The only possible conclusion is that Netscape management have a
considered policy of moulding html into a format that allows
information providers to obstruct the free and reliable exchange
of 'their' information.
Whether or not you think this objective is reasonable, the results
are very harmful to all uses of html. Specificly, html has evolved
without any trace of features that might allow the preservation of
file sets as complete and intact units through the process of network
transmission. Hence even information providers who _want_ to make
their information available in useful and copyable form, are seriously
handicapped.
The combination of html and browser provides a medium that allows the
remote display of flashy, eye-catching web sites, but strongly obstructs
the capture and storage of such page sets in complete and working form
by the recipient.
This is exactly the same sort of old-world, 'information as property'
thinking that is behind the music and film industry's attempts to
cripple the development of versatile bulk data storage media. (See the
articles on information ownership, the DVD farce, etc, in the fascinating
and free electronic book: 'Evergreen', by Guy Dunphy.)
There is one other aspect of html that should be considered.
This is the complete failure of html to address the need to capture
true likenesses of existing physical documents. There are millons of
precious and historic books out there, all of them growing ever more
brittle and yellowed. Many of them are free of copyright restrictions,
despite the strenuous efforts of powerful groups of copyright holders
to have governments legislate to extend the stifling grip of copyright
to cover _all_ the heritage of mankind.
There are sections in Evergreen devoted to the urgent need to create a
data standard for the efficient capture of such public domain works in
an electronic form.

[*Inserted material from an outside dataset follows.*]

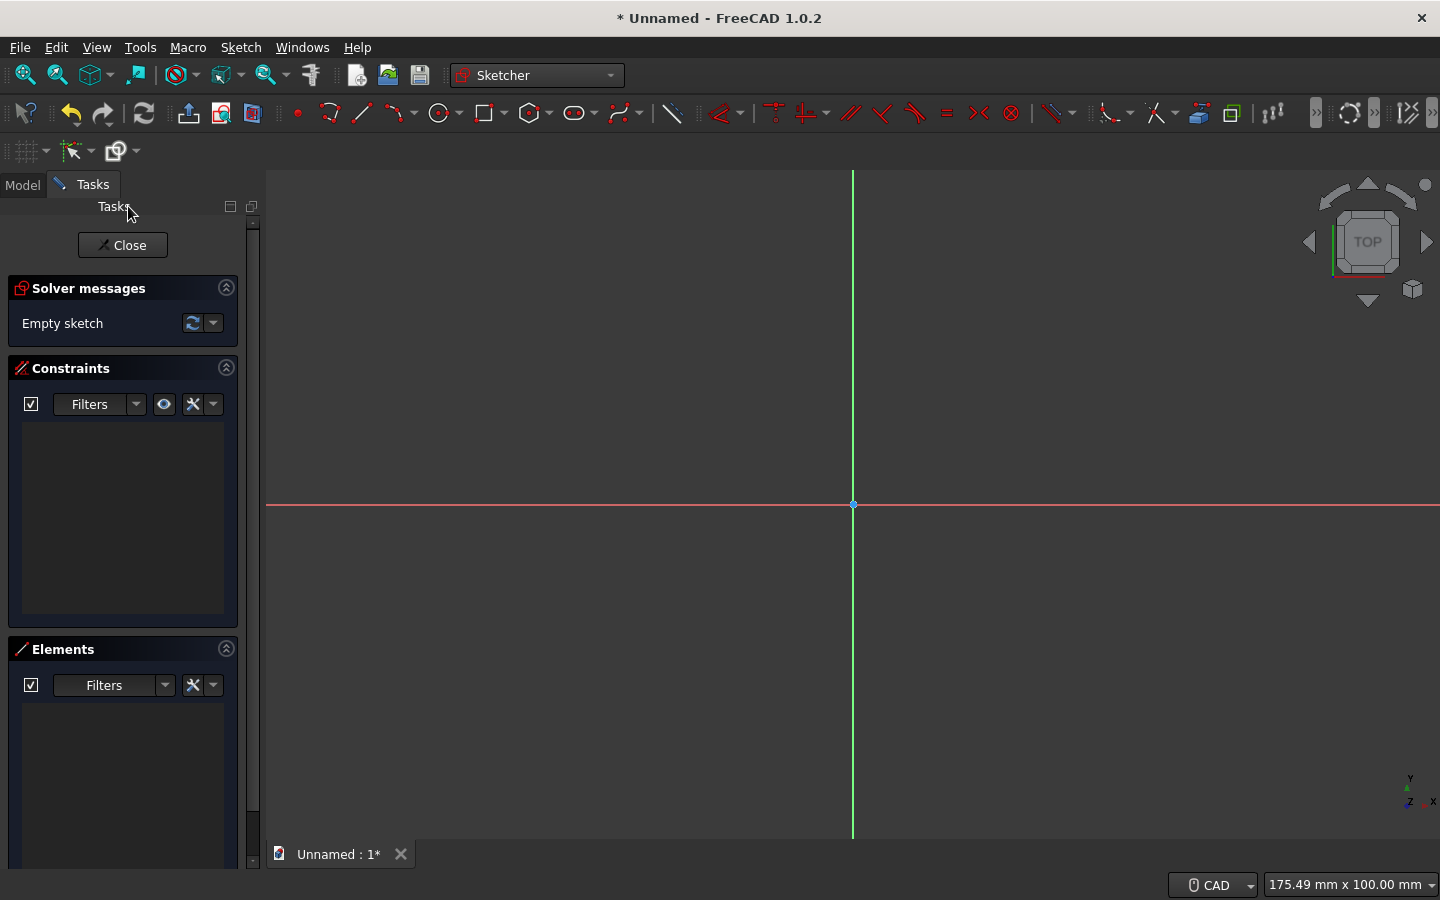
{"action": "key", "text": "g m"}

Project Gutenberg is a good start, but suffers in its
efforts from the lack of any such standard more stable than plain ASCII.
Here it is only relevant to point out that html is completely unsuitable
for such use. This 'standard', into which so much information is being
translated, with so much effort, is neither stable, or even capable of
performing what should be the most important use for any pretender to
the title of 'universal document format'. In its obsession with logical
reformatability, html denies that some document capture applications
_demand_ the ability to accurately represent the true, graphical
appearance of the original; warts, defects, fixed layout, and all.
The preservation of the historical works of humanity, in a digitally
preservable, easily reproduced and archived form, must be the prime
objective of any such standard. A standard that does not achieve this,
must eventually be discarded in favour of one that does.
Html must either be extended to allow such a use, or be superceeded.